→ **Brief**
Please make an exact copy of the listing, without the pictures.

→ **Exercise data**
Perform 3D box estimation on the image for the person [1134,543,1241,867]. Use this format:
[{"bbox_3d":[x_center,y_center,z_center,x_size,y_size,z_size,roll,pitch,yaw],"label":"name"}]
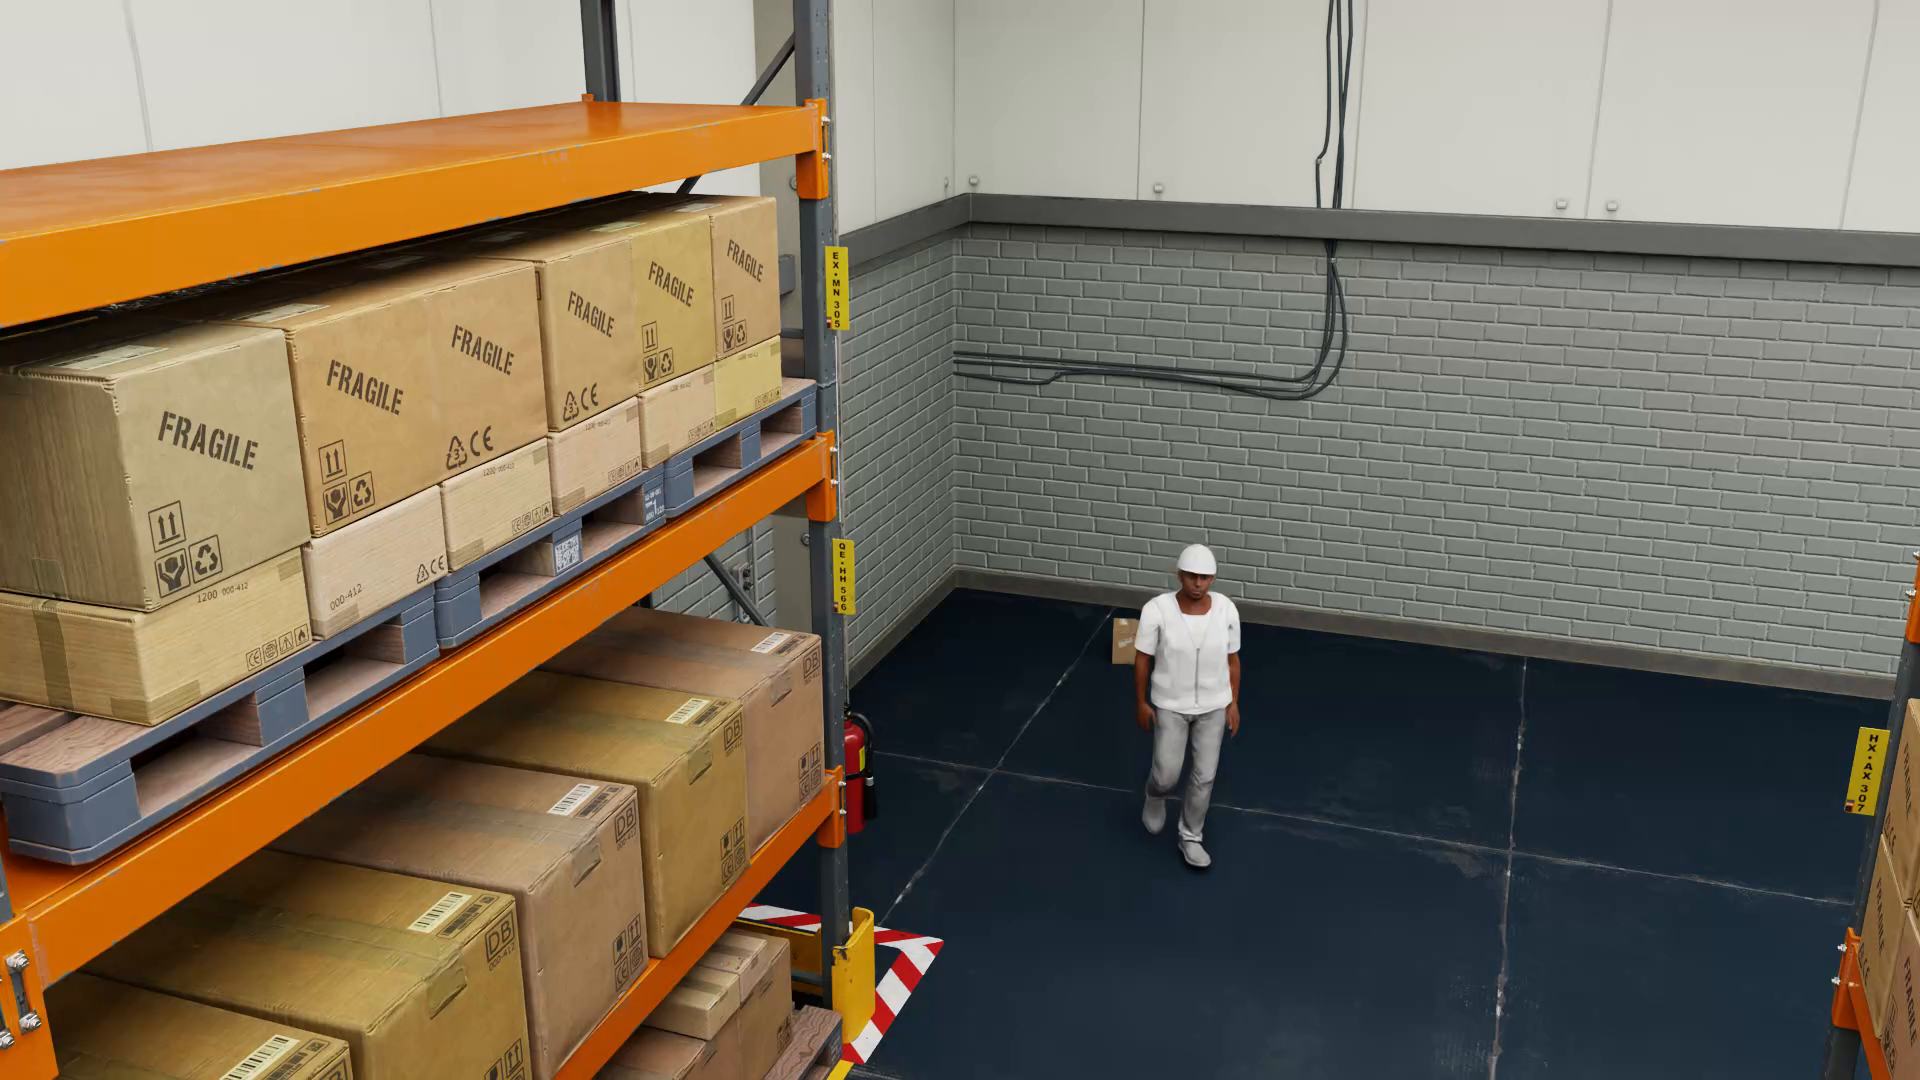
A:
[{"bbox_3d":[1.210,0.861,8.884,0.571,1.754,0.556,-2,19,-5],"label":"person"}]

→ **Solution for this problem**
Perform 3D box estimation on the image for the person [1134,543,1241,867]. Use this format:
[{"bbox_3d":[x_center,y_center,z_center,x_size,y_size,z_size,roll,pitch,yaw],"label":"name"}]
A:
[{"bbox_3d":[1.210,0.861,8.884,0.571,1.754,0.556,-2,19,-5],"label":"person"}]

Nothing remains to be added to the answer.